• [Task description]: Apart from the pictures, every entry should be reproduced exactly.

• [Collected data entries]:
--- START ---

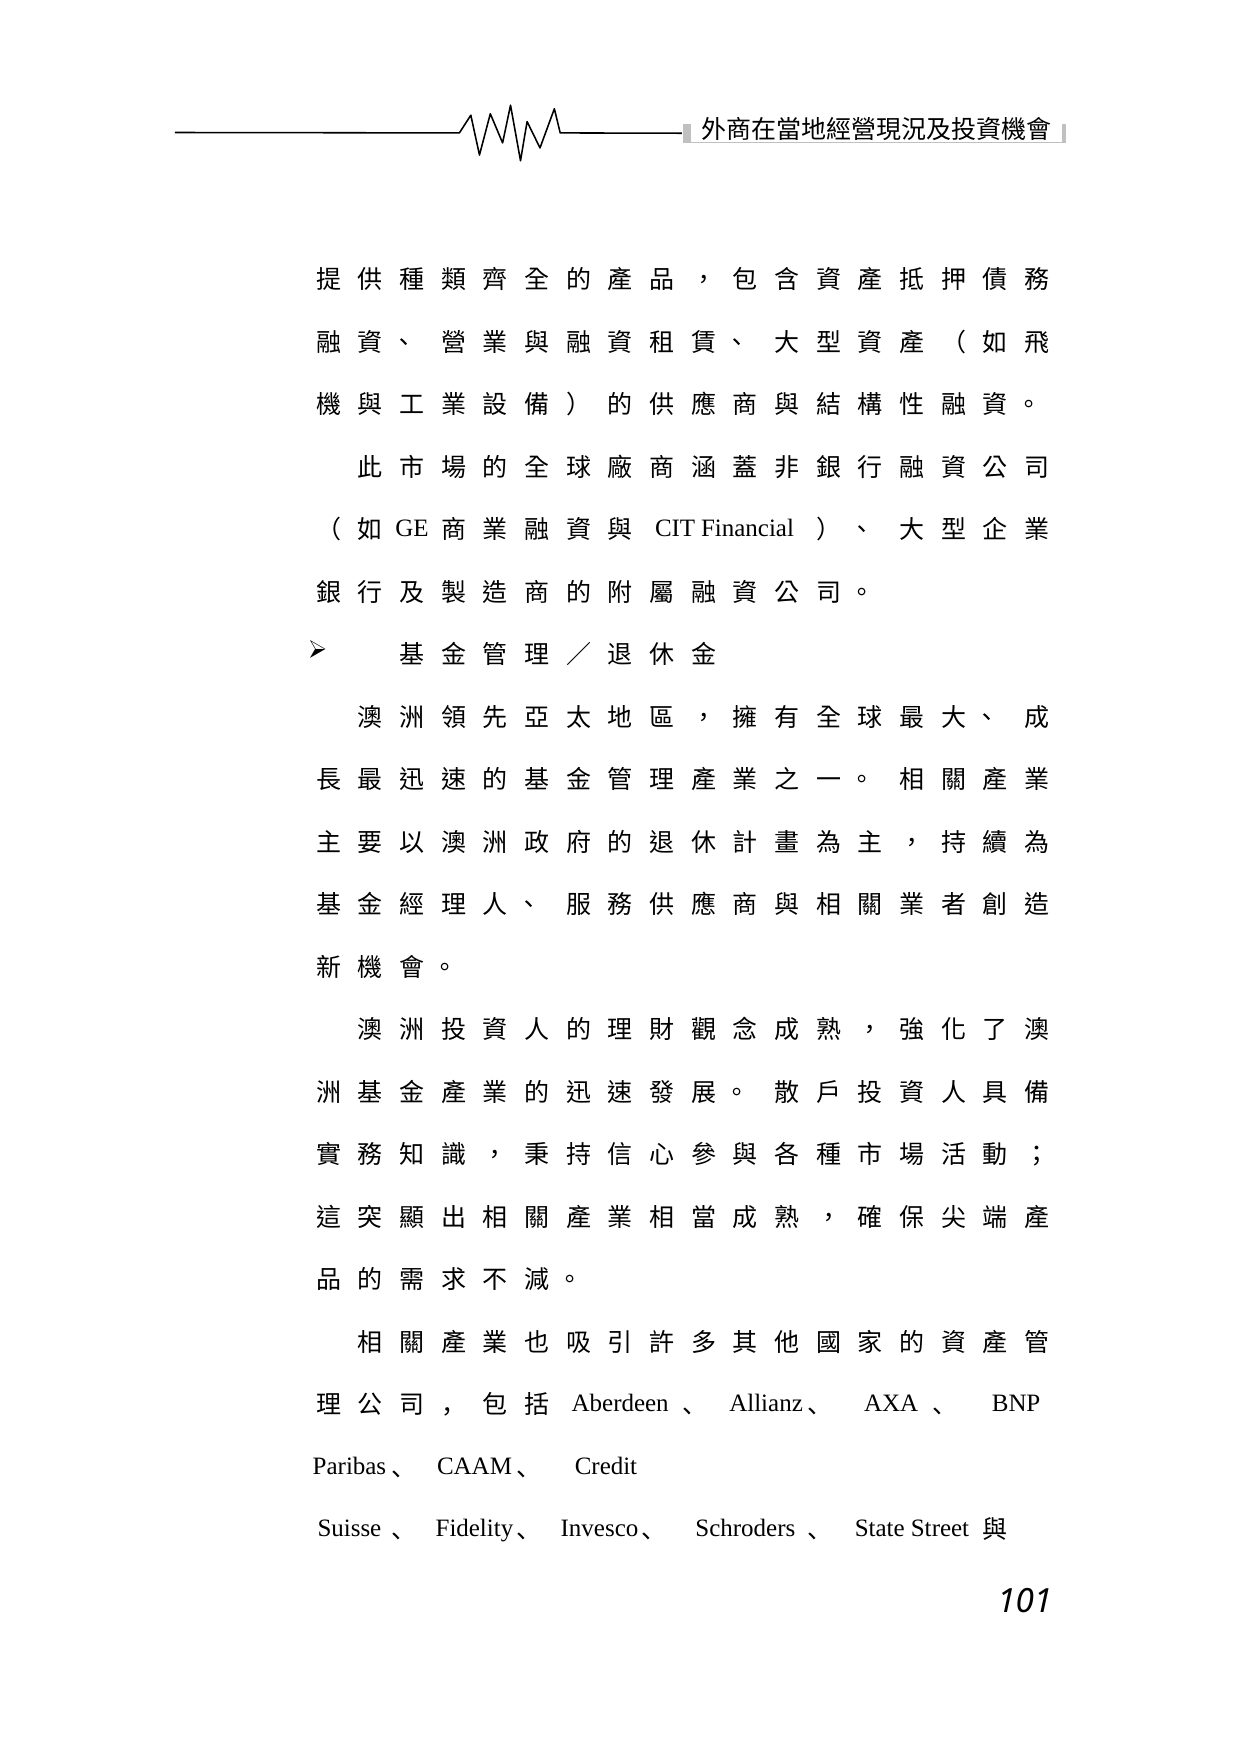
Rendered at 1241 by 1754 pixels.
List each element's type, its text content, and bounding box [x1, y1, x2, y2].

text 提供種類齊全的產品，包含資產抵押債務融資、營業與融資租賃、大型資產（如飛機與工業設備）的供應商與結構性融資。 [281, 236, 1058, 424]
text 澳洲投資人的理財觀念成熟，強化了澳洲基金產業的迅速發展。散戶投資人具備實務知識，秉持信心參與各種市場活動；這突顯出相關產業相當成熟，確保尖端產品的需求不減。 [281, 986, 1058, 1299]
list 基金管理／退休金 [301, 611, 1058, 674]
text 此市場的全球廠商涵蓋非銀行融資公司（如GE商業融資與CIT Financial）、大型企業銀行及製造商的附屬融資公司。 [281, 424, 1058, 611]
text 相關產業也吸引許多其他國家的資產管理公司，包括Aberdeen、Allianz、AXA、BNP Paribas、CAAM、Credit Suisse、Fidelity、Invesco、Schroders、State Street與 [281, 1299, 1058, 1549]
text 澳洲領先亞太地區，擁有全球最大、成長最迅速的基金管理產業之一。相關產業主要以澳洲政府的退休計畫為主，持續為基金經理人、服務供應商與相關業者創造新機會。 [281, 674, 1058, 986]

--- END ---

• [Expected answer]:
Rendered at 1241 by 1754 pixels.
List each element's type, its text content, and bounding box [x1, y1, x2, y2].

text 提供種類齊全的產品，包含資產抵押債務融資、營業與融資租賃、大型資產（如飛機與工業設備）的供應商與結構性融資。 [281, 236, 1058, 424]
text 澳洲投資人的理財觀念成熟，強化了澳洲基金產業的迅速發展。散戶投資人具備實務知識，秉持信心參與各種市場活動；這突顯出相關產業相當成熟，確保尖端產品的需求不減。 [281, 986, 1058, 1299]
list 基金管理／退休金 [301, 611, 1058, 674]
text 此市場的全球廠商涵蓋非銀行融資公司（如GE商業融資與CIT Financial）、大型企業銀行及製造商的附屬融資公司。 [281, 424, 1058, 611]
text 相關產業也吸引許多其他國家的資產管理公司，包括Aberdeen、Allianz、AXA、BNP Paribas、CAAM、Credit Suisse、Fidelity、Invesco、Schroders、State Street與 [281, 1299, 1058, 1549]
text 澳洲領先亞太地區，擁有全球最大、成長最迅速的基金管理產業之一。相關產業主要以澳洲政府的退休計畫為主，持續為基金經理人、服務供應商與相關業者創造新機會。 [281, 674, 1058, 986]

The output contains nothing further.